Saturday, May 28, 2016



EC 540
A Happenstance Witness and The Holy Ghost:

Neither a novel or documentary, but for the patient reader
a timely story about the collapse of Modern and Post-Modern Times.

By © Ludis Cuckold

Mr. Godman’s Dog (8)

Some twenty-seven years ago, before I had returned to Latvija, my then wife of nearly thirty years, wished us to separate. We each took our own apartment at opposite ends of Washington, D.C. I moved into an attic room in a rooming house in Takoma Park, Maryland, and, as per usual, spent my entire spare time trying to extract something useful from my brain unto a computer.

As usual, it was a futile effort. I did not understand that my ‘inner fish’ or ’primal worm’ or whatever could not conceive writing as something to make money off. Sooner, for me writing was a kind of artistic endeavor, as avant-garde as walking or blinking one’s eyelids, as natural an event as a pine tree growing needles for leaves.

I could never get my mind around the idea that writing had anything to do with a career or money—whether as a poet, novelist, essayist, journalist, or writer of advertising copy. For this reason, nothing what I wrote ever came together in the expected public manner, and gradually, I became a half done fictional character even to myself. Nevertheless, I continued writing, hoping that if I continued eventually something would emerge that made sense or entertained.

This is one reason why I took for my nom de plume or pseudonym the name Ludis Cuckold. ‘Ludi’ is an old name for ‘people’*. The name is reflected in ‘ludites’, the English weavers and spinners, people who objected to being cuckolded by mechanical weaving machines and tried to make a revolution by smashing the machines with hammers. ‘Cuckold’ stands for the male of the species, who allows himself to be fooled by a female, often his mother, in hopes that the day will come when she will invite him to her bed. Of course, the latter seldom happens; still, there are events that can be called close calls or simulacra.

*Ludi—other names: Leute (German for people); Ludwig (a German name for a German King of the People); Louis (a French name for a king of the People); lud (a Russian name that—given that consonant L may change into R—is now spelled and pronounced ‘rod’, which is part of the word ‘narod’/ nalud—the people; ‘rodina’/ ludina—motherland of the people); etc.

In the course of our separation, my ex told me that she had begun to date a man from Yugoslavia. When I wanted to know more, she told me not to worry and explained that the man was gay and not interested in women in a sexual way. Supposedly, they were meeting because both were interested in art and literature, and the Yugoslavian needed to practice his English if he was to get a job at the Library of Congress in Washington.

One Sunday my ex invited me to come visit her and meet her new friend. I drove over to her apartment and was introduced to Slavoy.
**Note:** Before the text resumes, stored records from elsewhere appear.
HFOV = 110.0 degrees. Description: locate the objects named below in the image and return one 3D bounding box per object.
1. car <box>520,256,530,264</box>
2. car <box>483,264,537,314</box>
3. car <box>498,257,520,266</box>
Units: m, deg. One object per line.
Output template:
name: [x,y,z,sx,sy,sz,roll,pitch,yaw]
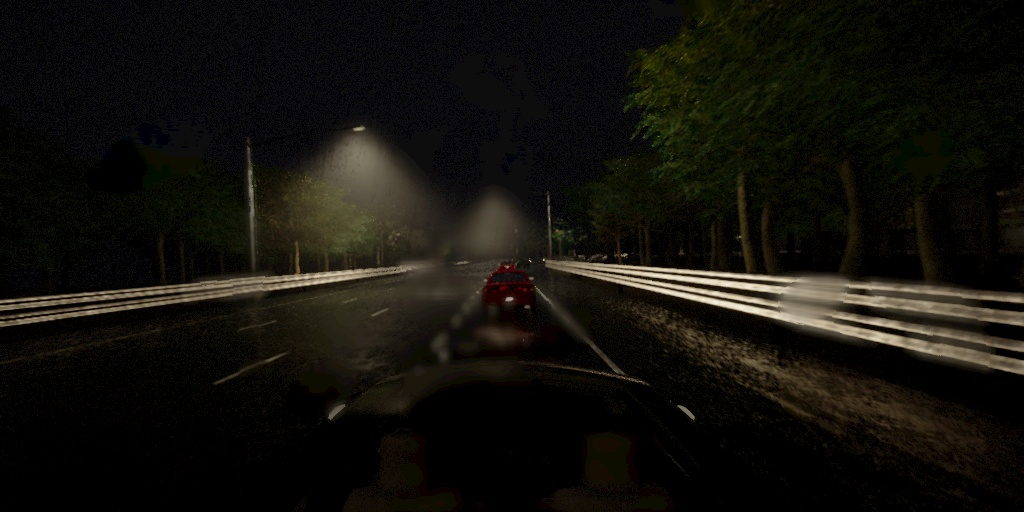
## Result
car: [1.737,1.125,64.367,2.150,2.045,5.566,-3,0,13]
car: [-0.114,1.294,14.301,1.882,1.535,5.008,-3,-1,-1]
car: [-0.477,1.264,40.455,2.097,1.767,4.553,-3,0,-1]
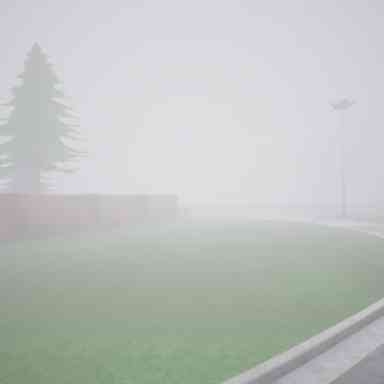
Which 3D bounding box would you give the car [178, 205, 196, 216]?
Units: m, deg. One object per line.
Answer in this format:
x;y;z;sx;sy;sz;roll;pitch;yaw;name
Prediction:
-2.225;2.339;42.267;5.357;1.411;2.033;-1;-1;18;car

He was a nice enough young guy, who did not show any obvious signs of being gay. We exchanged a few pleasantries, after which Slavoy excused himself and said that he really had to go. My ex told me to make myself another cup of coffee and went to escort Slavoy to his car.

As I took a peek out the window, I saw my ex and Slavoy stand in the drive way, embrace, and give each other a kiss that was more than a peck on the cheek. I suspected it to be a staged act.

After reentering the apartment my ex invited me almost immediately to have sex with her, and because I was still conceited enough to let myself believe it was for reasons of my own irresistable self, I soon forgot about Slavoy. The forgetfulness lasted for a long time—until many years later, my hard to get objet d'art in Latvija, Daisy, who as a teen had been raped by her stepfather, told me about Mr. Godman’s dog.


The story of my relationship with Daisy is a long one. I have told it in a related, but somewhat different context in blogs that constitute Part I of this 2 parts book. In any event, Daisy, now in her thirties, was playing hard to get with me, but when asked why, she declined to tell why my irresistable self* failed to arouse in her irresistable desire. I suspected that she feared that if she told of her true feelings, I would cease helping her and the three children her other paramours had blessed her and abandoned with.

*My ‘irresistable self’ was, in deference to my long beard, recently called ‘holy father’ by an inmate of a mental institution, when I accompanied Daisy and her mother on a walk in the institution’s small park. Daisy’s mother had suffered a mini-stroke as a consequence of which she had become demented.

Some time ago Daisy told me that a Mr. Godman, the owner of a garage and a car rental facility, had invited her to come clean his house. Because she needed the money, she had agreed to become his house cleaner. Daisy also told me that Godman had a neglected dog called Cerberus. She told me that she fed Cerberus, and the dog had befriended her.

As time went on, I heard Daisy tell that Cerberus was in the habit of escaping from Godman’s house and roamed about the village park. Several times her children had recognized the dog and brought it home with them. Daisy then called Mr. Godman, who came and picked up the stray. I did not give the matter much thought. It sounded as an innocent enough happenstance.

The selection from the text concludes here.